*** DATASET ***

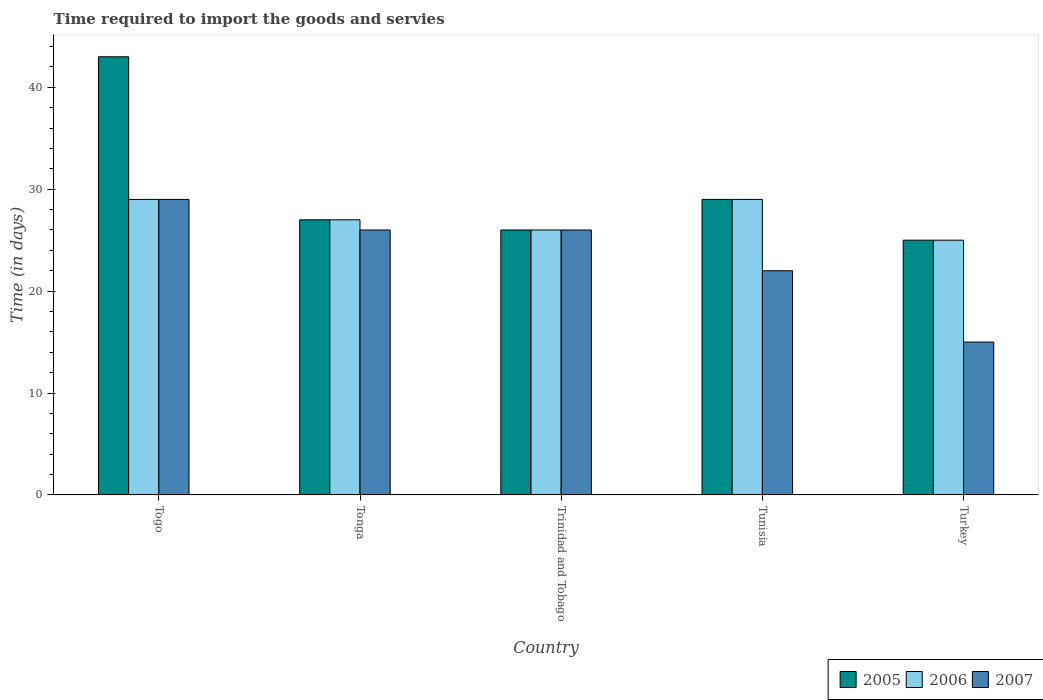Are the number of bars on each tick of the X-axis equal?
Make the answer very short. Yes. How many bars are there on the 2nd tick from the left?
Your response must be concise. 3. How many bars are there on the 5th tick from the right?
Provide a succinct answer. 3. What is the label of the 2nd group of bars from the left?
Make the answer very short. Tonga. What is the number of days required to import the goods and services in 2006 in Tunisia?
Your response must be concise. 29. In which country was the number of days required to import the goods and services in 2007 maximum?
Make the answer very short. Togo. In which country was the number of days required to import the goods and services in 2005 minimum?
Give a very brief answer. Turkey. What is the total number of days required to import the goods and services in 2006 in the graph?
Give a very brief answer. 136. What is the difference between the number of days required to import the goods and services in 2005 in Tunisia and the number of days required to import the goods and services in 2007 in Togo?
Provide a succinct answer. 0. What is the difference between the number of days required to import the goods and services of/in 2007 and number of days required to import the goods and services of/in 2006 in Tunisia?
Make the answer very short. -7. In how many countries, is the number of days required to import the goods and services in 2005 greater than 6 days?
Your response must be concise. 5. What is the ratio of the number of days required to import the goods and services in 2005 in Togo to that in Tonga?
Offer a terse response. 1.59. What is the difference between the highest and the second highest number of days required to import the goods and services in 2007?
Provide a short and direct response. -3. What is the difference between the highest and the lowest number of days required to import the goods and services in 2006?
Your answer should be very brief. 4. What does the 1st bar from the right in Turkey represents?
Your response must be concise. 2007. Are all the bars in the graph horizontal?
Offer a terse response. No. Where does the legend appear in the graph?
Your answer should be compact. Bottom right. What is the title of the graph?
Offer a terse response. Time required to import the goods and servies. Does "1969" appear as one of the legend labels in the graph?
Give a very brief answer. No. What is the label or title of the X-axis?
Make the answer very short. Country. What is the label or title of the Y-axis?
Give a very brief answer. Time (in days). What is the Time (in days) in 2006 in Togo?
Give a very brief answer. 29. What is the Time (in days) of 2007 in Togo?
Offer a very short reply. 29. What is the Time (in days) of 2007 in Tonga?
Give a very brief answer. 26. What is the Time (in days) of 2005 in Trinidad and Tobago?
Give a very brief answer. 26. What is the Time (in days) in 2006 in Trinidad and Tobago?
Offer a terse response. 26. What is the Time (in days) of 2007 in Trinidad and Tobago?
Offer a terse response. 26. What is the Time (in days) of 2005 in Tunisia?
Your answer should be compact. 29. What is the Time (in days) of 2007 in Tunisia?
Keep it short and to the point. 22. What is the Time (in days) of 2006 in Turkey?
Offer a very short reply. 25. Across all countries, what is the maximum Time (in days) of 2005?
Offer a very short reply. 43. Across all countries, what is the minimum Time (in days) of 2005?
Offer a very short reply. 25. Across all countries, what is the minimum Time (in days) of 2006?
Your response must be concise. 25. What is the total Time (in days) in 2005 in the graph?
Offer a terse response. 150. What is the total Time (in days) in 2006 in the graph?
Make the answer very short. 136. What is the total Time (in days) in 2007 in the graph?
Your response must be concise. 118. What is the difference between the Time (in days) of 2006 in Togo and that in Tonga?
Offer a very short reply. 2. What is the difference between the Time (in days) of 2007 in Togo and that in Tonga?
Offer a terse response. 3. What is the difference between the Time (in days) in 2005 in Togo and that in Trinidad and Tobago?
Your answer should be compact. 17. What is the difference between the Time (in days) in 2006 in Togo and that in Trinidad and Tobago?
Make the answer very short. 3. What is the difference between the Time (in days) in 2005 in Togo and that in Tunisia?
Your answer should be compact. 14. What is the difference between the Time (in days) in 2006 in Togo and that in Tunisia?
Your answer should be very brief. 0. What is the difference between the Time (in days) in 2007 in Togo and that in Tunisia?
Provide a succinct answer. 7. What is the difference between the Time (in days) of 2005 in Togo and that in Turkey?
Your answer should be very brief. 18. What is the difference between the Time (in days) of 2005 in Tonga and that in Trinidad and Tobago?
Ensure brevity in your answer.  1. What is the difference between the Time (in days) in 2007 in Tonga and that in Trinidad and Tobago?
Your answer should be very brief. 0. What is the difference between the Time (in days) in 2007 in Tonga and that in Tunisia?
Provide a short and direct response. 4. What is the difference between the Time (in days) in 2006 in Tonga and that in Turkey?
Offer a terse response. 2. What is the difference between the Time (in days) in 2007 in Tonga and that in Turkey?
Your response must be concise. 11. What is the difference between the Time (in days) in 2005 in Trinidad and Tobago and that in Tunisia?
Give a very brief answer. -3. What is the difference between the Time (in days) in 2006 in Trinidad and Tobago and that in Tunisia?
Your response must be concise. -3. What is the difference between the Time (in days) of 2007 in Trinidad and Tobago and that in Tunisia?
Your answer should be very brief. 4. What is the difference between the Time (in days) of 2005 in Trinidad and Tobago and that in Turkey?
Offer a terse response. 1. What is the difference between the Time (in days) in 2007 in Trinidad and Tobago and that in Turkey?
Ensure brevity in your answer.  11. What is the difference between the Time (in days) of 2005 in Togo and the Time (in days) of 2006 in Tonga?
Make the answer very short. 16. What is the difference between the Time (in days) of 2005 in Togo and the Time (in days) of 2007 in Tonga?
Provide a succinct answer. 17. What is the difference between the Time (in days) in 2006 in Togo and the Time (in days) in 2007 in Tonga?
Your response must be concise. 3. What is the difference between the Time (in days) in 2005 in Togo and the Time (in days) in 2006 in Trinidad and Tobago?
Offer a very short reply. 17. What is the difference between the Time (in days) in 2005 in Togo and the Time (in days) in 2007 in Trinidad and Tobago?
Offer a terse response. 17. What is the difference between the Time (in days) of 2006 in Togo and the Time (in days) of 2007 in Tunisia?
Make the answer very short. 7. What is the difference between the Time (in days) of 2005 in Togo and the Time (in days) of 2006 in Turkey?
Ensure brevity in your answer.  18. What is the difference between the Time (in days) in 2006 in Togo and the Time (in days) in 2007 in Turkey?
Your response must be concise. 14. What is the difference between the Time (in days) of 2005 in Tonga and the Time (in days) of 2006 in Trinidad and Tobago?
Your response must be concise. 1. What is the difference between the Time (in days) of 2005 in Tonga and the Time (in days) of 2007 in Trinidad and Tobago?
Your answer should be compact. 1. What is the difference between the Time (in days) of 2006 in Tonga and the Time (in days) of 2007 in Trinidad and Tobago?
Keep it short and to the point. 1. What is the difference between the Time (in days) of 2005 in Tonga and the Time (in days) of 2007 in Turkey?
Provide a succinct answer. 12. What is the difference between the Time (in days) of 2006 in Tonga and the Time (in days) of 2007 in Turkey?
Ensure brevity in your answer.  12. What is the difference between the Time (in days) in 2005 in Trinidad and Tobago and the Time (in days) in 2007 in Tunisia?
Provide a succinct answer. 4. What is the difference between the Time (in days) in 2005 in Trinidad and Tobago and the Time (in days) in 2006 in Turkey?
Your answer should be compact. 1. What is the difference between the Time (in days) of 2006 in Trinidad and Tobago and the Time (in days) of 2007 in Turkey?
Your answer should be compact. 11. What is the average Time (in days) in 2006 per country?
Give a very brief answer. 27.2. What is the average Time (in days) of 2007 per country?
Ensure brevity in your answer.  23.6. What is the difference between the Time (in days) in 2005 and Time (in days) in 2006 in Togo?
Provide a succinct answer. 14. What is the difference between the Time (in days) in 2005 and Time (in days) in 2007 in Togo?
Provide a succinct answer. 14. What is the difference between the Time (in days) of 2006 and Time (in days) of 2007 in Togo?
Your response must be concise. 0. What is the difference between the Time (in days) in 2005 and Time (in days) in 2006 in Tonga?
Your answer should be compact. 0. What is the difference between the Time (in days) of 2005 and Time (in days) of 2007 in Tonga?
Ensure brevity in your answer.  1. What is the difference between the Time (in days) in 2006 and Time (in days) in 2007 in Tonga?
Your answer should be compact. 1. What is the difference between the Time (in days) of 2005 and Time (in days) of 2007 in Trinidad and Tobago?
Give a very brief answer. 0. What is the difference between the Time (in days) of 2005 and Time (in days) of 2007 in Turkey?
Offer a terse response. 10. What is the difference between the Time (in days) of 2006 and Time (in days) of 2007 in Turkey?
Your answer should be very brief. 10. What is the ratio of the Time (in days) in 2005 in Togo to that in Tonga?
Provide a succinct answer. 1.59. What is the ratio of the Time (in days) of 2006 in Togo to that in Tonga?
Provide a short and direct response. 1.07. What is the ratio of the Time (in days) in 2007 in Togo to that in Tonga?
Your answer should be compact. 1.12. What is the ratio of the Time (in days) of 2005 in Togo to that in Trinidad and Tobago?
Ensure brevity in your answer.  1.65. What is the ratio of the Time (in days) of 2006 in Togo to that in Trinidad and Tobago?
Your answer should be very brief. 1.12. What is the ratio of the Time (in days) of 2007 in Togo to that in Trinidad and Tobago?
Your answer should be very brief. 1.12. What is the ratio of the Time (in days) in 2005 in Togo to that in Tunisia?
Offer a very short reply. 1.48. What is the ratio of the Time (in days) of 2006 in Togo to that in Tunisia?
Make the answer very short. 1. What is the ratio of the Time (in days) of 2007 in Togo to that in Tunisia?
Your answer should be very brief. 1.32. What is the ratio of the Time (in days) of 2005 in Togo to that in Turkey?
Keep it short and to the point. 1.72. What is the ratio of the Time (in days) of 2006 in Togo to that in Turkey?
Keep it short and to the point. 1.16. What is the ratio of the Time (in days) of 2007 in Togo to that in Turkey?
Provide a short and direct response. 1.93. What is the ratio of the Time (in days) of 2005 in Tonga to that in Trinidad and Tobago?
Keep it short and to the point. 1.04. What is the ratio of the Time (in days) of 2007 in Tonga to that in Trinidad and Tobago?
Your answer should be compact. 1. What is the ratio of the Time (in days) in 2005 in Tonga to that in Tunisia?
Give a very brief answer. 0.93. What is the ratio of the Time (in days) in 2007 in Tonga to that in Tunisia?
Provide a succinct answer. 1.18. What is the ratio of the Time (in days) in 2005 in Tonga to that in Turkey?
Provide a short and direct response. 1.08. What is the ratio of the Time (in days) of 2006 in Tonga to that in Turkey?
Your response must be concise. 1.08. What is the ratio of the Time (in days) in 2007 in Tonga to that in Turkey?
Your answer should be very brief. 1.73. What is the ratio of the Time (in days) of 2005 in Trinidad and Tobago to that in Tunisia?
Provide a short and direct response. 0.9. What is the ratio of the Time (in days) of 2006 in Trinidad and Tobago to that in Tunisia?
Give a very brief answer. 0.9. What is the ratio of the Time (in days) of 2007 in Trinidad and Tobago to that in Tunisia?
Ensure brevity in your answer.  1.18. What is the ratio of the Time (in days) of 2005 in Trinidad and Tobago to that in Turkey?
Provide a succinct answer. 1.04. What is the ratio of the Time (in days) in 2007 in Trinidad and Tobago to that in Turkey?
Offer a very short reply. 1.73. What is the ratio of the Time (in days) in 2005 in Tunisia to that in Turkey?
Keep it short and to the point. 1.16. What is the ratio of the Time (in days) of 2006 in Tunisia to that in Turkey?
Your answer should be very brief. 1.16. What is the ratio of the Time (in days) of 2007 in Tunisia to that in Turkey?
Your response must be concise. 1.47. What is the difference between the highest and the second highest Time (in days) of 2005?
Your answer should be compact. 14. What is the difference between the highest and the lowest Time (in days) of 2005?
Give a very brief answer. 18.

*** End of DATASET ***
*** DATASET ***

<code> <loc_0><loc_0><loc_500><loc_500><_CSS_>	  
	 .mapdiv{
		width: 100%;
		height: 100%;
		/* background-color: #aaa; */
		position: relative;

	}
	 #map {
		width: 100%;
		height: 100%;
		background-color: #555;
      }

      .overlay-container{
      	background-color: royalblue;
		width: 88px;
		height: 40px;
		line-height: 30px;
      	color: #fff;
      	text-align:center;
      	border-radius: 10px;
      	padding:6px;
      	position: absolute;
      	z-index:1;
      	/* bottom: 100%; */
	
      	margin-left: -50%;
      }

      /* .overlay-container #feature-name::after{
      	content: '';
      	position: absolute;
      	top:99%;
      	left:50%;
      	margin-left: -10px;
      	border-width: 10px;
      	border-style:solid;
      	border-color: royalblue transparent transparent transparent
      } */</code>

*** End of DATASET ***

# WHAT YOU ARE ASKED TO DO
Proceeding from the line containing "2005 in Togo to that in Tunisia?" through the line containing "Keep it short and to the point. 1.72.", transcribe the lines above exactly, both end lines included.

# RESPONSE
Your answer should be very brief. 1.12. What is the ratio of the Time (in days) in 2005 in Togo to that in Tunisia?
Offer a very short reply. 1.48. What is the ratio of the Time (in days) of 2006 in Togo to that in Tunisia?
Make the answer very short. 1. What is the ratio of the Time (in days) of 2007 in Togo to that in Tunisia?
Your answer should be very brief. 1.32. What is the ratio of the Time (in days) of 2005 in Togo to that in Turkey?
Keep it short and to the point. 1.72. What is the ratio of the Time (in days) of 2006 in Togo to that in Turkey?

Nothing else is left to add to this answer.